(Stored data entries)
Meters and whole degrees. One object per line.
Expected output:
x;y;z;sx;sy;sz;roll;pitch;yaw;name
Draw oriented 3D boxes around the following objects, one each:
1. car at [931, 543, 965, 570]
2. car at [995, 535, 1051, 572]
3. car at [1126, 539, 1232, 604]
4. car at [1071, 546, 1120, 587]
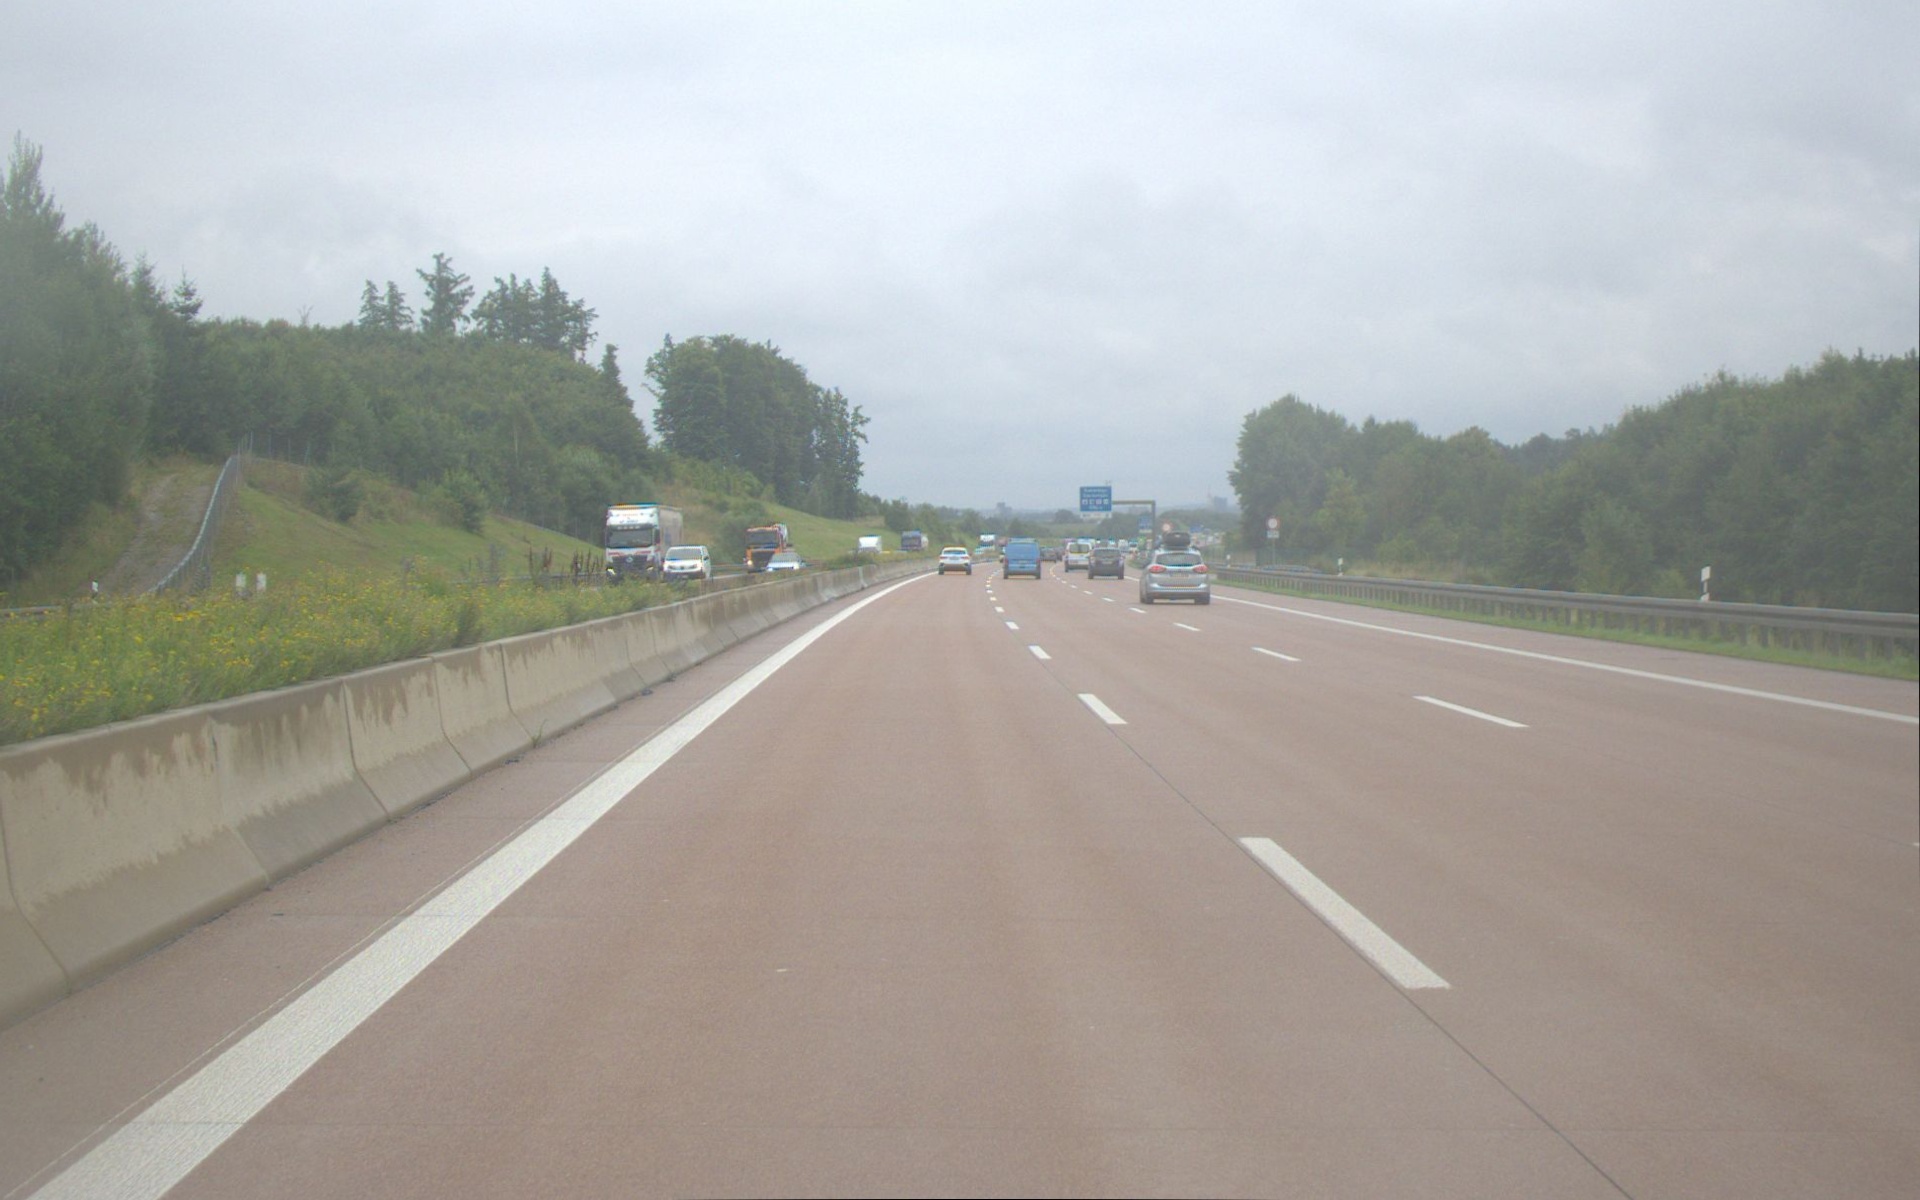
-0.698;-2.482;196.309;1.874;1.439;4.877;1;0;-1;car
3.148;-2.331;173.087;2.322;1.744;4.877;1;0;-4;car
6.151;-0.795;97.258;2.322;1.744;4.877;1;0;-4;car
6.919;-1.692;175.978;1.993;2.007;4.000;1;0;-4;car

## Exercise directions
Transcribe the records above exactly, skipping pictures.

## Exercise output
Meters and whole degrees. One object per line.
Expected output:
x;y;z;sx;sy;sz;roll;pitch;yaw;name
Draw oriented 3D boxes around the following objects, one each:
1. car at [931, 543, 965, 570]
2. car at [995, 535, 1051, 572]
3. car at [1126, 539, 1232, 604]
4. car at [1071, 546, 1120, 587]
-0.698;-2.482;196.309;1.874;1.439;4.877;1;0;-1;car
3.148;-2.331;173.087;2.322;1.744;4.877;1;0;-4;car
6.151;-0.795;97.258;2.322;1.744;4.877;1;0;-4;car
6.919;-1.692;175.978;1.993;2.007;4.000;1;0;-4;car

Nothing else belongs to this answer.